Environment Variables

| Variable | Default | Description | |---|---|---| | PEMCP_TEST_URL | http://127.0.0.1:8082 | Server URL to test against | | PEMCP_TEST_TRANSPORT | auto | Transport: auto (try streamable-http then SSE), streamable-http, or sse | | PEMCP_TEST_SAMPLE | (not set) | Path to a sample file for open_file tests |

# Test against a different server
PEMCP_TEST_URL=http://192.168.1.10:9000 pytest mcp_test_client.py -v

# Test using SSE transport (legacy)
PEMCP_TEST_TRANSPORT=sse pytest mcp_test_client.py -v

Test Categories

The test suite is organised into 19 classes:

| Class | Tools Tested | Marker | |---|---|---| | TestConfigAndUtility | get_current_datetime, get_config, get_extended_capabilities, check_task_status | no_file | | TestCacheManagement | get_cache_stats, remove_cached_analysis | no_file | | TestFileManagement | get_analyzed_file_summary, get_full_analysis_results, detect_binary_format | pe_file | | TestPEData | get_pe_data (all 25 keys + list discovery) | pe_file | | TestPEExtended | 14 PE extended tools (entropy, crypto, XOR, API hashes, etc.) | pe_file | | TestStringAnalysis | 10 string tools (FLOSS, fuzzy search, sifter, context) | pe_file | | TestDeobfuscation | deobfuscate_base64, deobfuscate_xor_single_byte, is_mostly_printable_ascii, get_hex_dump | mixed | | TestCapaAnalysis | get_capa_analysis_info, get_capa_rule_match_details | pe_file, optional_lib | | TestTriageAndClassification | get_triage_report, classify_binary_purpose | pe_file | | TestVirusTotal | get_virustotal_report_for_loaded_file | pe_file | | TestAngrCore | 13 core Angr tools (decompile, CFG, slicing, loops, etc.) | pe_file, angr | | TestAngrDisasm | 5 disassembly tools (disassemble, calling conventions, etc.) | pe_file, angr | | TestAngrDataflow | 5 data flow tools (reaching defs, dependencies, VSA) | pe_file, angr | | TestAngrHooks | hook_function, list_hooks, unhook_function | pe_file, angr | | TestAngrForensic | 5 forensic tools (packing, code caves, call graph, etc.) | pe_file, angr | | TestExtendedLibraries | 9 extended library tools (LIEF, Capstone, Keystone, Speakeasy, etc.) | optional_lib | | TestMultiFormat | 8 multi-format tools (ELF, Mach-O, .NET, Go, Rust) | optional_lib | | TestErrorHandling | Invalid inputs, nonexistent files, bad addresses | mixed | | TestToolDiscovery | Lists server tools and reports coverage (warns on missing) | no_file |

---

Contributing

Contributions are welcome!

1. Fork the repository.
2. Create a feature branch (git checkout -b feature/your-enhancement).
3. Commit your changes.
4. Push to the branch.
5. Open a Pull Request.

---

Licence

Distributed under the MIT Licence.
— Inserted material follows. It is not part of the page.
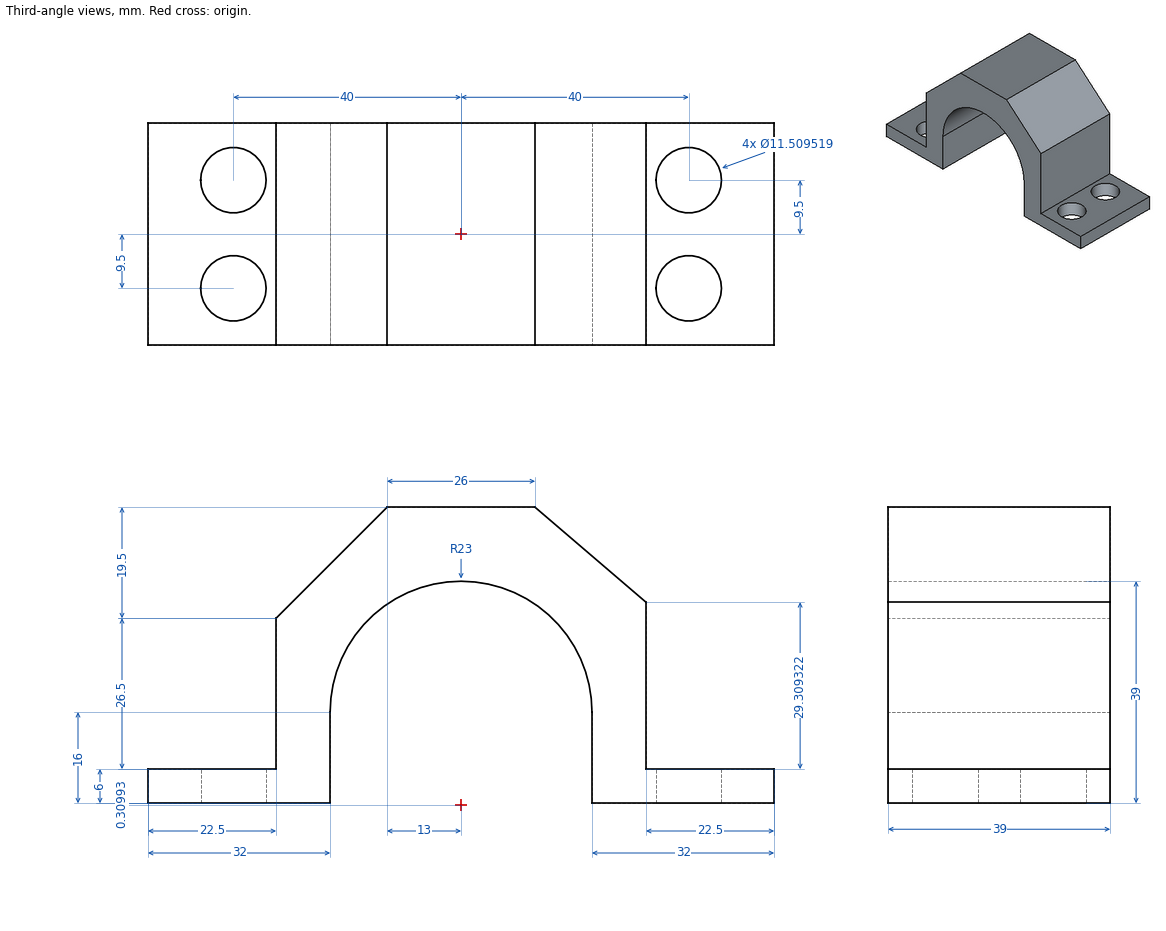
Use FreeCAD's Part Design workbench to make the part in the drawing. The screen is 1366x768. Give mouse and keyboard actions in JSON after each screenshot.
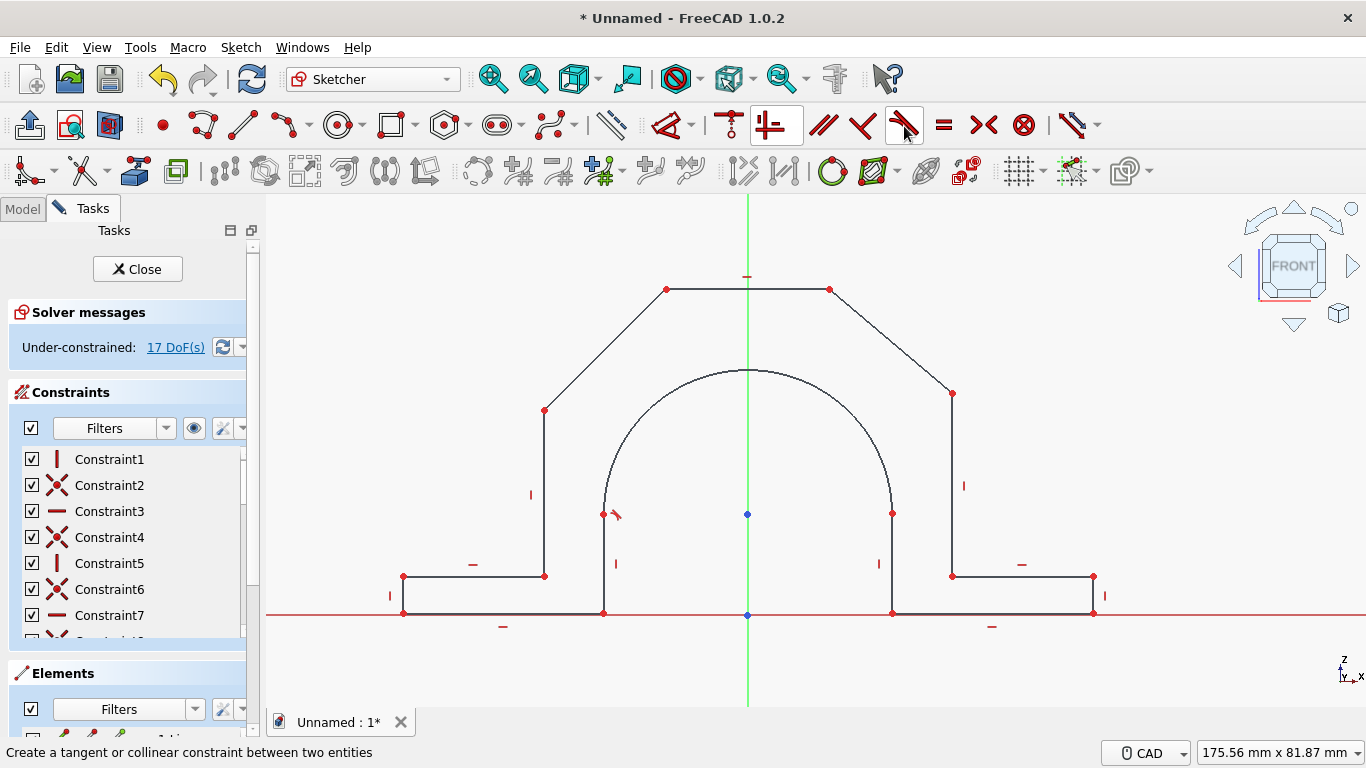
{"action": "left_click", "coordinate": [892, 584]}

See LICENSE for more information.

---

Disclaimer

This toolkit is provided "as-is" for educational and research purposes only. It is capable of executing parts of analysed binaries (via Angr emulation and symbolic execution) in a sandboxed environment. Always exercise caution when analysing untrusted files. The authors accept no responsibility for misuse or damages arising from the use of this software.